The Shul of Bal Harbour is a Chabad-Lubavitch synagogue in Surfside, Florida named by Newsweek as one of America's 25 most vibrant congregations.

History
The Shul was founded by Rabbi Sholom Lipskar, who was sent as an emissary of the Chabad-Lubavitch Rebbe, Rabbi Menachem M. Schneersohn, to Miami Beach in 1969.

After finding no active Jewish community in the Surfside area, Lipskar initially met in hotel rooms before moving to a storefront.

In the early 1980s, Surfside was not welcoming to Jews with real-estate agents refusing to deal with Jewish clients. In 1982 the local Bal Harbor Club dropped its policy banning Jewish and Black people after a discrimination lawsuit.
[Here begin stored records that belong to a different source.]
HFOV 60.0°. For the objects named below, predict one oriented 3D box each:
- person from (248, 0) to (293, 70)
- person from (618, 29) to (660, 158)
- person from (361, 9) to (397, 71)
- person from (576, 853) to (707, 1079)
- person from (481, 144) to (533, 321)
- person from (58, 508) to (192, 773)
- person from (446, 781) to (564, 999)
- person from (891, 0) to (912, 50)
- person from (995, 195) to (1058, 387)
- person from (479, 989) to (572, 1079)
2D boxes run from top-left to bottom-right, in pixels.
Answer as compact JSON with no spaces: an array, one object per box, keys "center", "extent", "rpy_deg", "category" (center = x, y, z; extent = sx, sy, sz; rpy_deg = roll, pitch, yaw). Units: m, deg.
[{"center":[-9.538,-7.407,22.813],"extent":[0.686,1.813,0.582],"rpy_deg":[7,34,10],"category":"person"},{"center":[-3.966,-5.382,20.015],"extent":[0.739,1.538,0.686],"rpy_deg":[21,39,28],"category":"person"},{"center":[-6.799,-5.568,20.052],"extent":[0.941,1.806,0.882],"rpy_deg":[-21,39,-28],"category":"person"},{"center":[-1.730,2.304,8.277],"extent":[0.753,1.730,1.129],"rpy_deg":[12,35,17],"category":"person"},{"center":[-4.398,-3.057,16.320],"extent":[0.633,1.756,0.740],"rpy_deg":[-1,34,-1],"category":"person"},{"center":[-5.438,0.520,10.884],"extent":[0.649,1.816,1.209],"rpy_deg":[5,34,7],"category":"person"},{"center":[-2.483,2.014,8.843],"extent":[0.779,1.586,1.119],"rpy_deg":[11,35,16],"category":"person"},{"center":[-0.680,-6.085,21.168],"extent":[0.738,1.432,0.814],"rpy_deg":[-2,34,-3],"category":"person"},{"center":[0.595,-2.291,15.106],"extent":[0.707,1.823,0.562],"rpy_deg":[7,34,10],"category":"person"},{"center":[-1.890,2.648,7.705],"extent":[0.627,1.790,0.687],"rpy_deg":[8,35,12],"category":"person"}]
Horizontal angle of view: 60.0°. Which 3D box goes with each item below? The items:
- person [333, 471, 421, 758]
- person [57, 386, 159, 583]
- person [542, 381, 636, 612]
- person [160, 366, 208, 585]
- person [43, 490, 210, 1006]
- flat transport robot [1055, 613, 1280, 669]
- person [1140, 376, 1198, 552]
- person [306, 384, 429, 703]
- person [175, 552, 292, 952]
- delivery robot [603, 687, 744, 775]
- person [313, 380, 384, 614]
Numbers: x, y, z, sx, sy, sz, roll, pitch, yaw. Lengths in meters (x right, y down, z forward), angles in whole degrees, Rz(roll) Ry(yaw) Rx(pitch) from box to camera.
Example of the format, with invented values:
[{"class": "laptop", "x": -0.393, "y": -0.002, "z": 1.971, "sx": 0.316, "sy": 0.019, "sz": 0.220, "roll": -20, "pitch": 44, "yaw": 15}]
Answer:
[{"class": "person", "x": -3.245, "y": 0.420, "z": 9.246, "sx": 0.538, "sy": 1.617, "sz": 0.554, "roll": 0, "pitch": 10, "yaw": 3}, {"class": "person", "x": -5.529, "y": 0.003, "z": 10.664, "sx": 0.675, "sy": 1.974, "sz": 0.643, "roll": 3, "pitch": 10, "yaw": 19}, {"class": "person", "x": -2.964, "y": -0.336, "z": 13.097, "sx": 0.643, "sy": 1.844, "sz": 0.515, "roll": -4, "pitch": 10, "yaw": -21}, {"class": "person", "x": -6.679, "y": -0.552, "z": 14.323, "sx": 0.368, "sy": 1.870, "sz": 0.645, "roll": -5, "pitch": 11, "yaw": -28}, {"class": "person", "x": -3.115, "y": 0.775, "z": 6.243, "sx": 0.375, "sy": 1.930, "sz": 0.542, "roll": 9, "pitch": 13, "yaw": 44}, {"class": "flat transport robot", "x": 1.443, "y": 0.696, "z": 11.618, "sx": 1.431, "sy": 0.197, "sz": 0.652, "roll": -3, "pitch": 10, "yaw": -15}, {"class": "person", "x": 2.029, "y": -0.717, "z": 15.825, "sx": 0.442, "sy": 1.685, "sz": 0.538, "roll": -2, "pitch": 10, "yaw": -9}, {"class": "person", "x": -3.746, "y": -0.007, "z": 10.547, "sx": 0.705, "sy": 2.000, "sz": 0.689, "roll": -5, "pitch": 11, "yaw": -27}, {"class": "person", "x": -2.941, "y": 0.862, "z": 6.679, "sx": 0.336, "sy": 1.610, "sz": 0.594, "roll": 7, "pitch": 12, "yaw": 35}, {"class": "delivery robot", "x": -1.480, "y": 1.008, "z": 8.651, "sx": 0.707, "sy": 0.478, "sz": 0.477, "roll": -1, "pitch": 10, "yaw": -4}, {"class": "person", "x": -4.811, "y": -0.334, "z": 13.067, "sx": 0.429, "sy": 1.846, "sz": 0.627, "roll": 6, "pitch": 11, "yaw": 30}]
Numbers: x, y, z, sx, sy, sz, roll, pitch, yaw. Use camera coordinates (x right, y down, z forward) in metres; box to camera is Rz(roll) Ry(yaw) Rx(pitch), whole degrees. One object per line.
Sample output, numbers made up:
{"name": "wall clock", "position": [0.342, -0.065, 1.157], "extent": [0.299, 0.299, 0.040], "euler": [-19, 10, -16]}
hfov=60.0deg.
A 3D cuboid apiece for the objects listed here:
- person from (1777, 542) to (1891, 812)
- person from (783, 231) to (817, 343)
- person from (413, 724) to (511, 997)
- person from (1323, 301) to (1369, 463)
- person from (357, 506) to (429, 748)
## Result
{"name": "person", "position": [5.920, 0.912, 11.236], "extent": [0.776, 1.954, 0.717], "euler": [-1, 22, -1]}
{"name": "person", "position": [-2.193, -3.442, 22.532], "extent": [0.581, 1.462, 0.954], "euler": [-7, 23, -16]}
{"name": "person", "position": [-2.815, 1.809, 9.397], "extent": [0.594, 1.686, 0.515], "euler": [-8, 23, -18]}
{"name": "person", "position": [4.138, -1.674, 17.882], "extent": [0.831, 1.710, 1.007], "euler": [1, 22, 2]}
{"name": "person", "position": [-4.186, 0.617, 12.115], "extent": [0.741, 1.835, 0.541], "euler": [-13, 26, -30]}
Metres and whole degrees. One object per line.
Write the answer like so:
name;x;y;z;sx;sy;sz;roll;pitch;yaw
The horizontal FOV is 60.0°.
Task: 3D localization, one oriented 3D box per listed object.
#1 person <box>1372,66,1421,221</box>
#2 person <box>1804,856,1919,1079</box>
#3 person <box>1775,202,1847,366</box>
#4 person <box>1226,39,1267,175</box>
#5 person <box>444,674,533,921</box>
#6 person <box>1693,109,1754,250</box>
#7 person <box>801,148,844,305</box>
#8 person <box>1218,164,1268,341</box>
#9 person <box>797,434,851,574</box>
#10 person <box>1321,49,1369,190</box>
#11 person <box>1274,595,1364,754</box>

The Shul moved to its current site in 1987.

Building
The $9 million, 34,000 square foot building was completed and opened in 1994 in time for Rosh Hashanah. The building is colonnaded and the design resembles  ancient Jerusalem sandstone.

Expansion
In 2016, The Shul announced a 40,000 square foot expansion at the cost of $20 million to be finished in two years. The expansion includes an all-glass wall 40 foot high social hall with glass ceilings accommodating crowds of up to 700 people.

Membership and services
The congregation membership has 700 families representing 3,000 people. Programming includes adult education, programs for Latin American Jewry, early childhood, and five daily minyans.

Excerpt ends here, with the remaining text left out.